### Problem to work on
Look through the entries. Copy each line that has the word "dxfattribs".

Study material below:

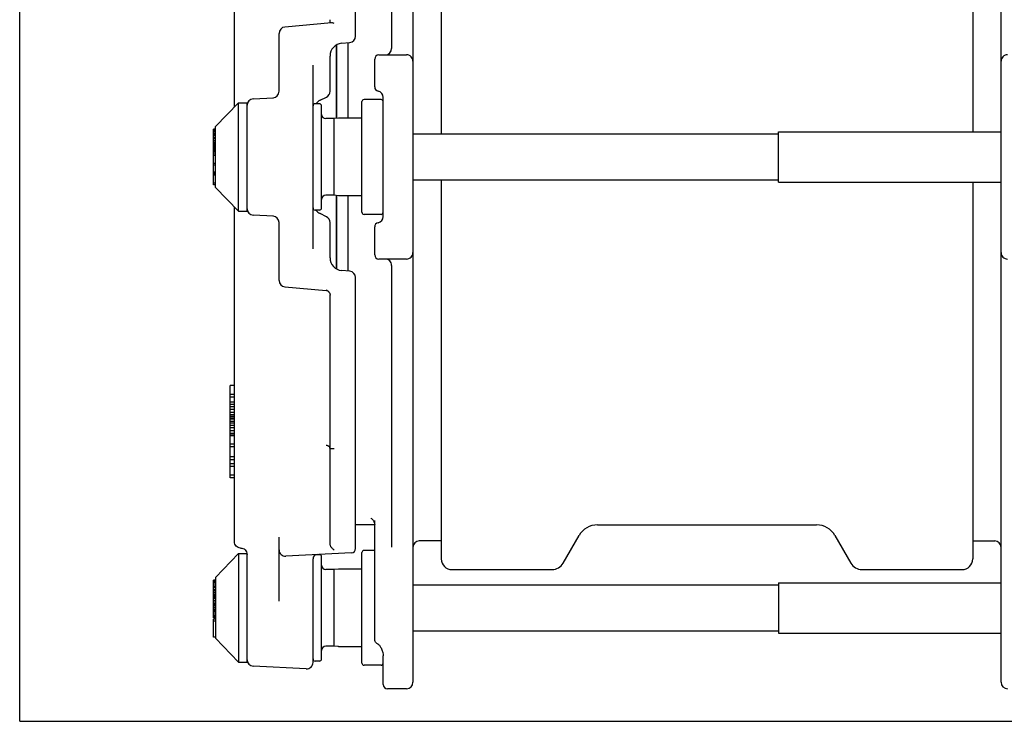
# Model space of a CAD drawing. Header units: inches. Extents: x 0 to 22, y 0 to 17.
# Tile 1 of 8: x 0 to 7.3, y 0 to 5.2. Entities that reach past the tile are written whole.
import ezdxf

# ---------------------------------------------------------------- set-up
doc = ezdxf.new("R2010")
doc.units = ezdxf.units.IN
doc.header["$LTSCALE"] = 1.21
doc.header["$MEASUREMENT"] = 0
doc.layers.get('0').update_dxf_attribs({"linetype": 'CONTINUOUS'})

msp = doc.modelspace()

# ---------------------------------------------------------------- linework, layer by layer
at = {"color": 7, "linetype": 'CONTINUOUS'}
for p, q in [((0, 0), (0, 17)), ((0, 0), (0, 17)), ((2.9131, 8.0683), (2.9131, 0.2887)), ((7.2705, 0.2887), (7.2705, 8.0683)), ((3.1233, 7.1546), (3.1233, 4.3486)), ((7.0603, 7.1546), (7.0603, 4.3648)), ((2.4879, 5.0722), (2.4879, 7.0777)), ((1.5903, 4.5474), (1.5903, 7.0268)), ((2.7557, 4.9816), (2.7557, 7.0683)), ((2.309, 5.1707), (1.9641, 5.1405)), ((1.921, 4.6643), (1.921, 5.0935)), ((2.3462, 5.0073), (2.3462, 4.4639)), ((2.348, 4.4641), (2.348, 5.0082)), ((2.3852, 5.0199), (2.4448, 5.0251)), ((2.4327, 4.4659), (2.4327, 5.0241)), ((2.299, 4.6644), (2.299, 4.9258)), ((2.6297, 4.6966), (2.6297, 4.9029)), ((2.6612, 4.9344), (2.8659, 4.9344)), ((2.173, 3.4986), (2.173, 4.8584)), ((1.7296, 4.6094), (1.8795, 4.6173)), ((2.2252, 4.5983), (2.2728, 4.6221)), ((2.6769, 4.6037), (2.5509, 4.6037)), ((2.6927, 3.7375), (2.6927, 4.6194)), ((1.4517, 4.4037), (1.6218, 4.5801)), ((1.6218, 3.7769), (1.6218, 4.5801)), ((1.6218, 4.5801), (1.6848, 4.5801)), ((1.6848, 3.7769), (1.6848, 4.5801)), ((2.2202, 4.5722), (2.1887, 4.5722)), ((2.236, 3.8005), (2.236, 4.5564)), ((2.5352, 3.7691), (2.5352, 4.5879)), ((2.3305, 4.462), (2.2675, 4.462)), ((2.361, 4.4658), (2.3305, 4.462)), ((2.3305, 3.895), (2.3305, 4.462)), ((2.3629, 4.4659), (2.361, 4.4658)), ((2.5352, 4.4659), (2.3629, 4.4659)), ((1.436, 3.9723), (1.436, 4.3847)), ((1.4517, 4.3847), (1.436, 4.3847)), ((1.4517, 4.3844), (1.436, 4.3844)), ((1.4517, 4.3785), (1.436, 4.3785)), ((1.4517, 3.9533), (1.4517, 4.4037)), ((1.4517, 4.3727), (1.436, 4.3727)), ((1.4517, 4.3614), (1.436, 4.3614)), ((1.4517, 4.3501), (1.436, 4.3501)), ((1.4517, 4.3479), (1.436, 4.3479)), ((1.4517, 4.3419), (1.436, 4.3419)), ((1.4517, 4.3362), (1.436, 4.3362)), ((1.4517, 4.3229), (1.436, 4.3229)), ((1.4517, 4.3117), (1.436, 4.3117)), ((2.9131, 4.3486), (5.6218, 4.3486)), ((5.6218, 3.9921), (5.6218, 4.3648)), ((5.6218, 4.3648), (7.2705, 4.3648)), ((1.4517, 4.2968), (1.436, 4.2968)), ((1.4517, 4.2857), (1.436, 4.2857)), ((1.4517, 4.2747), (1.436, 4.2747)), ((1.4517, 4.2674), (1.436, 4.2674)), ((1.4517, 4.264), (1.436, 4.264)), ((1.4517, 4.257), (1.436, 4.257)), ((1.4517, 4.2457), (1.436, 4.2457)), ((1.4517, 4.2435), (1.436, 4.2435)), ((1.4517, 4.2421), (1.436, 4.2421)), ((1.4517, 4.2325), (1.436, 4.2325)), ((1.4517, 4.2234), (1.436, 4.2234)), ((1.4517, 4.2185), (1.436, 4.2185)), ((1.4517, 4.2072), (1.436, 4.2072)), ((1.4517, 4.1923), (1.436, 4.1923)), ((1.4517, 4.1884), (1.436, 4.1884)), ((1.4517, 4.129), (1.436, 4.129)), ((1.4517, 4.1179), (1.436, 4.1179)), ((1.4517, 4.0659), (1.436, 4.0659)), ((1.4517, 4.0548), (1.436, 4.0548)), ((1.4517, 4.0525), (1.436, 4.0525)), ((1.4517, 4.043), (1.436, 4.043)), ((1.4517, 3.9843), (1.436, 3.9843)), ((1.4517, 3.9731), (1.436, 3.9731)), ((1.4517, 3.9723), (1.436, 3.9723)), ((1.4517, 3.9533), (1.6218, 3.7769)), ((2.9131, 4.0084), (5.6218, 4.0084)), ((3.1233, 4.0084), (3.1233, 1.2032)), ((5.6218, 3.9921), (7.2705, 3.9921)), ((7.0603, 3.9921), (7.0603, 1.2032)), ((2.3305, 3.895), (2.2675, 3.895)), ((2.361, 3.8912), (2.3305, 3.895)), ((2.3462, 3.8931), (2.3462, 3.3497)), ((2.348, 3.3488), (2.348, 3.8928)), ((2.3629, 3.8911), (2.361, 3.8912)), ((2.5352, 3.8911), (2.3629, 3.8911)), ((2.4327, 3.3329), (2.4327, 3.8911)), ((1.5903, 1.3302), (1.5903, 3.8096)), ((1.6218, 3.7769), (1.6848, 3.7769)), ((1.8795, 3.7397), (1.7296, 3.7476)), ((2.2202, 3.7848), (2.1887, 3.7848)), ((2.2728, 3.7349), (2.2252, 3.7587)), ((2.6769, 3.7533), (2.5509, 3.7533)), ((1.921, 3.2635), (1.921, 3.6927)), ((2.299, 3.4312), (2.299, 3.6926)), ((2.6297, 3.4541), (2.6297, 3.6604)), ((2.8659, 3.4226), (2.6612, 3.4226)), ((2.7557, 1.2887), (2.7557, 3.3753)), ((2.4448, 3.3319), (2.3852, 3.3371)), ((2.4879, 1.2792), (2.4879, 3.2848)), ((1.9641, 3.2164), (2.2702, 3.1897)), ((2.299, 1.3307), (2.299, 3.1558)), ((1.5588, 1.8023), (1.5588, 2.4862)), ((1.5903, 2.4862), (1.5588, 2.4862)), ((1.5903, 2.4205), (1.5588, 2.4205)), ((1.5903, 2.3996), (1.5588, 2.3996)), ((1.5903, 2.3634), (1.5588, 2.3634)), ((1.5903, 2.3454), (1.5588, 2.3454)), ((1.5903, 2.3279), (1.5588, 2.3279)), ((1.5903, 2.3083), (1.5588, 2.3083)), ((1.5903, 2.2857), (1.5588, 2.2857)), ((1.5903, 2.2686), (1.5588, 2.2686)), ((1.5903, 2.2571), (1.5588, 2.2571)), ((1.5903, 2.2455), (1.5588, 2.2455)), ((1.5903, 2.2395), (1.5588, 2.2395)), ((1.5903, 2.2361), (1.5588, 2.2361)), ((1.5903, 2.2187), (1.5588, 2.2187)), ((1.5903, 2.2072), (1.5588, 2.2072)), ((1.5903, 2.1901), (1.5588, 2.1901)), ((1.5903, 2.1732), (1.5588, 2.1732)), ((1.5903, 2.151), (1.5588, 2.151)), ((1.5903, 2.1319), (1.5588, 2.1319)), ((1.5903, 2.1188), (1.5588, 2.1188)), ((1.5903, 2.1142), (1.5588, 2.1142)), ((1.5903, 2.0531), (1.5588, 2.0531)), ((1.5903, 2.031), (1.5588, 2.031)), ((2.3305, 2.0182), (2.299, 2.0182)), ((1.5903, 1.9574), (1.5588, 1.9574)), ((1.5903, 1.9353), (1.5588, 1.9353)), ((1.5903, 1.9072), (1.5588, 1.9072)), ((1.5903, 1.8876), (1.5588, 1.8876)), ((1.5903, 1.822), (1.5588, 1.822)), ((1.5903, 1.8023), (1.5588, 1.8023)), ((2.6004, 1.5039), (2.6005, 1.5039)), ((2.6009, 1.5037), (2.6004, 1.5039)), ((2.6005, 1.5039), (2.6022, 1.5031)), ((2.6022, 1.5031), (2.6052, 1.5014)), ((2.6052, 1.5014), (2.6092, 1.4985)), ((2.6092, 1.4985), (2.6139, 1.4942)), ((2.6139, 1.4942), (2.6189, 1.4882)), ((2.6189, 1.4882), (2.6236, 1.4805)), ((2.6236, 1.4805), (2.6272, 1.4713)), ((2.6272, 1.4713), (2.6293, 1.461)), ((2.6293, 1.461), (2.6297, 1.4546)), ((2.6297, 0.6034), (2.6297, 1.4869)), ((2.6297, 1.4541), (2.4879, 1.4541)), ((4.2804, 1.4541), (5.9032, 1.4541)), ((1.5912, 1.3211), (1.5903, 1.3302)), ((1.5938, 1.3123), (1.5912, 1.3211)), ((1.921, 0.8891), (1.921, 1.3628)), ((3.1233, 1.336), (2.9604, 1.336)), ((4.0258, 1.1706), (4.144, 1.3753)), ((6.0396, 1.3753), (6.1578, 1.1706)), ((7.0603, 1.336), (7.2233, 1.336)), ((1.4517, 1.0651), (1.6218, 1.2415)), ((1.598, 1.3043), (1.5938, 1.3123)), ((1.6037, 1.2973), (1.598, 1.3043)), ((1.6104, 1.2915), (1.6037, 1.2973)), ((1.6181, 1.2872), (1.6104, 1.2915)), ((1.6264, 1.2843), (1.6181, 1.2872)), ((1.6218, 1.2415), (1.6218, 0.4383)), ((1.6218, 1.2415), (1.6842, 1.2415)), ((1.6353, 1.283), (1.6264, 1.2843)), ((1.6353, 1.283), (1.6398, 1.2828)), ((1.6398, 1.2828), (1.6447, 1.2823)), ((1.6447, 1.2823), (1.6539, 1.2799)), ((1.6539, 1.2799), (1.6625, 1.2757)), ((1.6625, 1.2757), (1.6701, 1.2699)), ((1.6701, 1.2699), (1.6763, 1.2626)), ((1.6763, 1.2626), (1.681, 1.2543)), ((1.681, 1.2543), (1.6838, 1.2452)), ((1.6838, 1.2452), (1.6848, 1.2356)), ((1.6848, 0.4383), (1.6848, 1.245)), ((2.4581, 1.2478), (1.9707, 1.2223)), ((2.5352, 0.4305), (2.5352, 1.2494)), ((2.6297, 1.2651), (2.5509, 1.2651)), ((2.173, 0.4355), (2.173, 1.203)), ((2.2202, 1.2336), (2.1973, 1.2336)), ((2.236, 0.462), (2.236, 1.2179)), ((2.3305, 1.1234), (2.2675, 1.1234)), ((2.361, 1.1272), (2.3305, 1.1234)), ((2.3305, 0.5564), (2.3305, 1.1234)), ((2.3629, 1.1273), (2.361, 1.1272)), ((2.5352, 1.1273), (2.3629, 1.1273)), ((3.2021, 1.1234), (3.944, 1.1234)), ((6.2396, 1.1234), (6.9816, 1.1234)), ((1.436, 0.7667), (1.436, 1.0457)), ((1.4517, 1.0457), (1.436, 1.0457)), ((1.4517, 1.0419), (1.436, 1.0419)), ((1.4517, 1.0344), (1.436, 1.0344)), ((1.4517, 1.0269), (1.436, 1.0269)), ((1.4517, 1.0651), (1.4517, 0.6147)), ((5.6218, 1.0263), (7.2705, 1.0263)), ((5.6218, 1.0263), (5.6218, 0.6536)), ((1.4517, 1.0156), (1.436, 1.0156)), ((1.4517, 1.0006), (1.436, 1.0006)), ((1.4517, 0.9894), (1.436, 0.9894)), ((1.4517, 0.9763), (1.436, 0.9763)), ((1.4517, 0.9706), (1.436, 0.9706)), ((1.4517, 0.9669), (1.436, 0.9669)), ((1.4517, 0.9632), (1.436, 0.9632)), ((1.4517, 0.9501), (1.436, 0.9501)), ((2.9131, 1.01), (5.6218, 1.01)), ((1.4517, 0.9386), (1.436, 0.9386)), ((1.4517, 0.9348), (1.436, 0.9348)), ((1.4517, 0.9273), (1.436, 0.9273)), ((1.4517, 0.9198), (1.436, 0.9198)), ((1.4517, 0.9085), (1.436, 0.9085)), ((1.4517, 0.8935), (1.436, 0.8935)), ((1.4517, 0.8822), (1.436, 0.8822)), ((1.4517, 0.8691), (1.436, 0.8691)), ((1.4517, 0.8635), (1.436, 0.8635)), ((1.4517, 0.8598), (1.436, 0.8598)), ((1.4517, 0.8561), (1.436, 0.8561)), ((1.4517, 0.8429), (1.436, 0.8429)), ((1.4517, 0.8298), (1.436, 0.8298)), ((1.4517, 0.8242), (1.436, 0.8242)), ((1.4517, 0.8186), (1.436, 0.8186)), ((1.4517, 0.8074), (1.436, 0.8074)), ((1.4517, 0.7924), (1.436, 0.7924)), ((1.4517, 0.7811), (1.436, 0.7811)), ((1.4517, 0.7698), (1.436, 0.7698)), ((1.4517, 0.7667), (1.436, 0.7667)), ((1.436, 0.6219), (1.436, 0.7556)), ((1.4517, 0.7556), (1.436, 0.7556)), ((1.4517, 0.7407), (1.436, 0.7407)), ((2.9131, 0.6698), (5.6218, 0.6698)), ((1.4517, 0.6219), (1.436, 0.6219)), ((1.4517, 0.6147), (1.6218, 0.4383)), ((2.6303, 0.597), (2.6297, 0.6034)), ((2.6323, 0.5908), (2.6303, 0.597)), ((2.6355, 0.5852), (2.6323, 0.5908)), ((2.6397, 0.5804), (2.6355, 0.5852)), ((5.6218, 0.6536), (7.2705, 0.6536)), ((2.3305, 0.5564), (2.2675, 0.5564)), ((2.361, 0.5526), (2.3305, 0.5564)), ((2.3629, 0.5525), (2.361, 0.5526)), ((2.5352, 0.5525), (2.3629, 0.5525)), ((2.6448, 0.5765), (2.6397, 0.5804)), ((2.6507, 0.5737), (2.6448, 0.5765)), ((2.6507, 0.5737), (2.6534, 0.5725)), ((2.6534, 0.5725), (2.6577, 0.5698)), ((2.6577, 0.5698), (2.6614, 0.5667)), ((2.6614, 0.5667), (2.6648, 0.5633)), ((2.6648, 0.5633), (2.6681, 0.5592)), ((2.6681, 0.5592), (2.6712, 0.5548)), ((2.6712, 0.5548), (2.6741, 0.5499)), ((2.6741, 0.5499), (2.677, 0.5446)), ((2.677, 0.5446), (2.6778, 0.5429)), ((2.6778, 0.5429), (2.684, 0.528)), ((2.6778, 0.5429), (2.6778, 0.5429)), ((2.684, 0.528), (2.6893, 0.5101)), ((1.6218, 0.4383), (1.6848, 0.4383)), ((2.2202, 0.4462), (2.1887, 0.4462)), ((2.6893, 0.5101), (2.6921, 0.4939)), ((2.6921, 0.4939), (2.6927, 0.4836)), ((2.6927, 0.273), (2.6927, 0.4836)), ((2.1233, 0.3884), (1.7296, 0.409)), ((2.6769, 0.4147), (2.5509, 0.4147)), ((2.8659, 0.2415), (2.7242, 0.2415)), ((0, 0), (22, 0)), ((0, 0), (22, 0))]:
    msp.add_line(p, q, dxfattribs=at)
for centre, radius, start, end in [((1.9683, 5.0935), 0.0472, 95, 180), ((2.4407, 5.0722), 0.0472, 275, 360), ((2.3935, 4.9258), 0.0945, 94.99877, 180.00238), ((2.7084, 4.9816), 0.0472, 270, 360), ((2.6612, 4.9029), 0.0315, 90, 179.99637), ((2.8659, 4.8872), 0.0472, 0, 90.00597), ((7.3177, 4.8872), 0.0472, 89.99254, 180), ((2.6612, 4.6966), 0.0315, 180, 258.46304), ((1.732, 4.5622), 0.0472, 93, 180), ((1.8738, 4.6643), 0.0472, 273.00001, 360), ((2.2675, 4.5138), 0.0945, 116.56394, 141.76609), ((2.2517, 4.6644), 0.0472, 296.56505, 360), ((2.5509, 4.5879), 0.0157, 90, 180), ((2.6454, 4.6194), 0.0472, 0.00277, 78.46304), ((2.6769, 4.5879), 0.0157, 0, 90), ((2.1887, 4.5564), 0.0157, 90, 180), ((2.2202, 4.5564), 0.0157, 0, 90), ((2.2675, 4.4935), 0.0315, 180.00002, 270), ((2.2675, 3.8635), 0.0315, 90, 179.99998), ((1.732, 3.7948), 0.0472, 180, 267), ((2.1887, 3.8005), 0.0157, 180, 270), ((2.2202, 3.8005), 0.0157, 270, 360), ((1.8738, 3.6927), 0.0472, 0, 87), ((2.2675, 3.8432), 0.0945, 218.23391, 243.43606), ((2.2517, 3.6926), 0.0472, 0, 63.43495), ((2.5509, 3.769), 0.0157, 180, 270), ((2.6454, 3.7375), 0.0472, 281.53696, 359.99759), ((2.6769, 3.769), 0.0157, 270, 360), ((2.6612, 3.6604), 0.0315, 101.53696, 180), ((2.3935, 3.4312), 0.0945, 179.99762, 265.00124), ((2.6612, 3.4541), 0.0315, 180, 269.9947), ((2.8659, 3.4698), 0.0472, 269.99254, 360), ((7.3177, 3.4698), 0.0472, 180, 270.00597), ((2.7084, 3.3753), 0.0472, 0, 90.00121), ((2.4407, 3.2848), 0.0472, 0, 85), ((1.9683, 3.2635), 0.0472, 180.00046, 265), ((2.2675, 3.1583), 0.0315, 52.35845, 84.99992), ((2.2675, 3.1583), 0.0315, 24.62956, 42.66664), ((4.2804, 1.2966), 0.1575, 90, 150), ((5.9032, 1.2966), 0.1575, 30, 90), ((2.9604, 1.2887), 0.0472, 90, 180), ((7.2233, 1.2887), 0.0472, 0, 90), ((1.9683, 1.2694), 0.0472, 180, 273), ((2.4564, 1.2792), 0.0315, 273, 360), ((2.5509, 1.2494), 0.0157, 90, 180), ((2.2045, 1.203), 0.0315, 93.00564, 180), ((2.2202, 1.2179), 0.0157, 0, 90), ((3.2021, 1.2021), 0.0787, 180, 270), ((3.944, 1.2179), 0.0945, 270, 330), ((6.2396, 1.2179), 0.0945, 210, 270), ((6.9816, 1.2021), 0.0787, 270, 360), ((2.2675, 1.1549), 0.0315, 180, 270), ((2.2675, 0.525), 0.0315, 90, 180), ((1.732, 0.4562), 0.0472, 180, 267), ((2.1887, 0.462), 0.0157, 180, 270), ((2.2202, 0.462), 0.0157, 270, 360), ((2.1257, 0.4355), 0.0472, 266.99996, 360), ((2.5509, 0.4305), 0.0157, 180, 270), ((2.6769, 0.4305), 0.0157, 270, 360), ((2.7242, 0.273), 0.0315, 180, 270), ((2.8659, 0.2887), 0.0472, 270, 360), ((7.3177, 0.2887), 0.0472, 180, 270)]:
    msp.add_arc(centre, radius, start, end, dxfattribs=at)
for points, start_tangent, end_tangent in [([(2.3045, 5.1707), (2.3019, 5.172), (2.3003, 5.175), (2.2994, 5.1798), (2.299, 5.1864), (2.299, 5.1945)], (-0.025323, 0.005635), (-0.000002, 0.025942)), ([(2.3287, 5.1676), (2.3211, 5.1697), (2.3145, 5.1707), (2.309, 5.1707)], (-0.019038, 0.006515), (-0.020045, -0.001754)), ([(2.2693, 3.1943), (2.272, 3.193)], (0.002729, -0.001263), (0.002691, -0.001341)), ([(2.272, 3.193), (2.2781, 3.1897), (2.2857, 3.1843), (2.2899, 3.1804)], (0.019682, -0.009809), (0.015164, -0.015927)), ([(2.2899, 3.1804), (2.2917, 3.1784)], (0.00189, -0.001985), (0.001749, -0.00211)), ([(2.2961, 3.1714), (2.2979, 3.166), (2.2988, 3.1608), (2.299, 3.1558)], (0.006657, -0.014518), (0, -0.015971)), ([(2.299, 2.0205), (2.298, 2.0259), (2.2952, 2.031), (2.2907, 2.0355), (2.2848, 2.0391), (2.2779, 2.0415), (2.2703, 2.0427)], (0, 0.039582), (-0.039501, 0.002539)), ([(2.3081, 1.2887), (2.3045, 1.2951), (2.3019, 1.3025), (2.3003, 1.3104), (2.2994, 1.3181), (2.299, 1.3251), (2.299, 1.3307)], (-0.02513, 0.035657), (-0.000007, 0.043623)), ([(2.309, 1.2875), (2.3085, 1.2881), (2.3081, 1.2887)], (-0.000872, 0.001154), (-0.000833, 0.001182)), ([(2.3287, 1.2677), (2.3211, 1.2743), (2.3145, 1.2809), (2.309, 1.2875)], (-0.021663, 0.017825), (-0.016907, 0.022386))]:
    msp.add_spline(points, degree=3, dxfattribs=dict(at, start_tangent=start_tangent, end_tangent=end_tangent))

doc.saveas('drawing.dxf')

End of Study material.

### Task result
    msp.add_line(p, q, dxfattribs=at)
    msp.add_arc(centre, radius, start, end, dxfattribs=at)
    msp.add_spline(points, degree=3, dxfattribs=dict(at, start_tangent=start_tangent, end_tangent=end_tangent))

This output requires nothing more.